The Fastest Spacecraft
The solar neighborhood, the immediate environs of the Sun in space, includes the nearest star system, Alpha Centauri. It is really a triple system, two stars revolving around each other, and a third, Proxima Centauri, orbiting the pair at a discreet distance. At some positions it its orbit, Proxima is the closest know star to the Sun – hence its name. Most stars in the sky are members of double and multiple star systems. Our solitary Sun is something of an anomaly.
The second brightest star in the constellation Andromeda, called Beta Andromedae, is seventy-five light-years away. The light by which we see it now has spent thus seventy-five years traversing the dark of interstellar space on its long journey to Earth. In the unlikely event that Beta Andromedae blew itself up last Tuesday, we would not know it for another seventy-five years, as this interesting information, travelling at the speed of light, would require seventy-five years to cross the enormous interstellar distances. When the light by which we now see this star set out on its voyage, the young Albert Einstein, working as a Swiss patent clerk, had just published his epochal special theory of relativity here on Earth.
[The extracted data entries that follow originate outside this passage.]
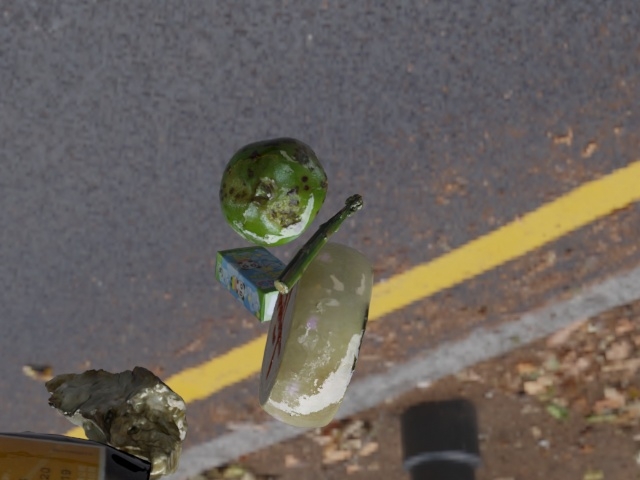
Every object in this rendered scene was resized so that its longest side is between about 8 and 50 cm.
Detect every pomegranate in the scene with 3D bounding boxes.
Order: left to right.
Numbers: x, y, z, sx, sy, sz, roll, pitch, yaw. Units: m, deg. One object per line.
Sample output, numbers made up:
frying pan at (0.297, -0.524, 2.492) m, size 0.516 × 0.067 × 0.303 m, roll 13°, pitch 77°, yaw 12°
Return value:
pomegranate at (-0.063, -0.071, 1.487) m, size 0.122 × 0.169 × 0.143 m, roll 33°, pitch 109°, yaw -11°

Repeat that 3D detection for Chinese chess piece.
Chinese chess piece at (-0.010, 0.123, 1.553) m, size 0.097 × 0.250 × 0.250 m, roll 15°, pitch 145°, yaw -7°

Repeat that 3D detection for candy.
candy at (-0.102, 0.074, 2.061) m, size 0.097 × 0.194 × 0.062 m, roll -7°, pitch 115°, yaw -30°

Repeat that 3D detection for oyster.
oyster at (-0.235, 0.222, 1.406) m, size 0.166 × 0.110 × 0.341 m, roll 58°, pitch 154°, yaw -7°

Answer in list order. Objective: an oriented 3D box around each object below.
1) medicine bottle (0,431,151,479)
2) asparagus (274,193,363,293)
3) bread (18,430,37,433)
medicine bottle at (-0.372, 0.290, 1.115) m, size 0.395 × 0.242 × 0.242 m, roll 8°, pitch 147°, yaw -7°
asparagus at (0.000, 0.000, 0.987) m, size 0.018 × 0.127 × 0.015 m, roll 31°, pitch 143°, yaw 12°
bread at (-0.514, 0.388, 1.884) m, size 0.132 × 0.172 × 0.103 m, roll -29°, pitch 100°, yaw 26°

The two Voyager interstellar spacecraft, the fastest machines ever launched from Earth, are now travelling at one ten-thousandth the speed of light. They would need 40, 000 years to go the distance to the nearest star. Do we have any hope of leaving Earth and traversing the immense distances even to Proxima Centauri in convenient periods of time? Can we do something to approach the speed of light? What is magic about the speed of light? Might we someday be able to go faster than that?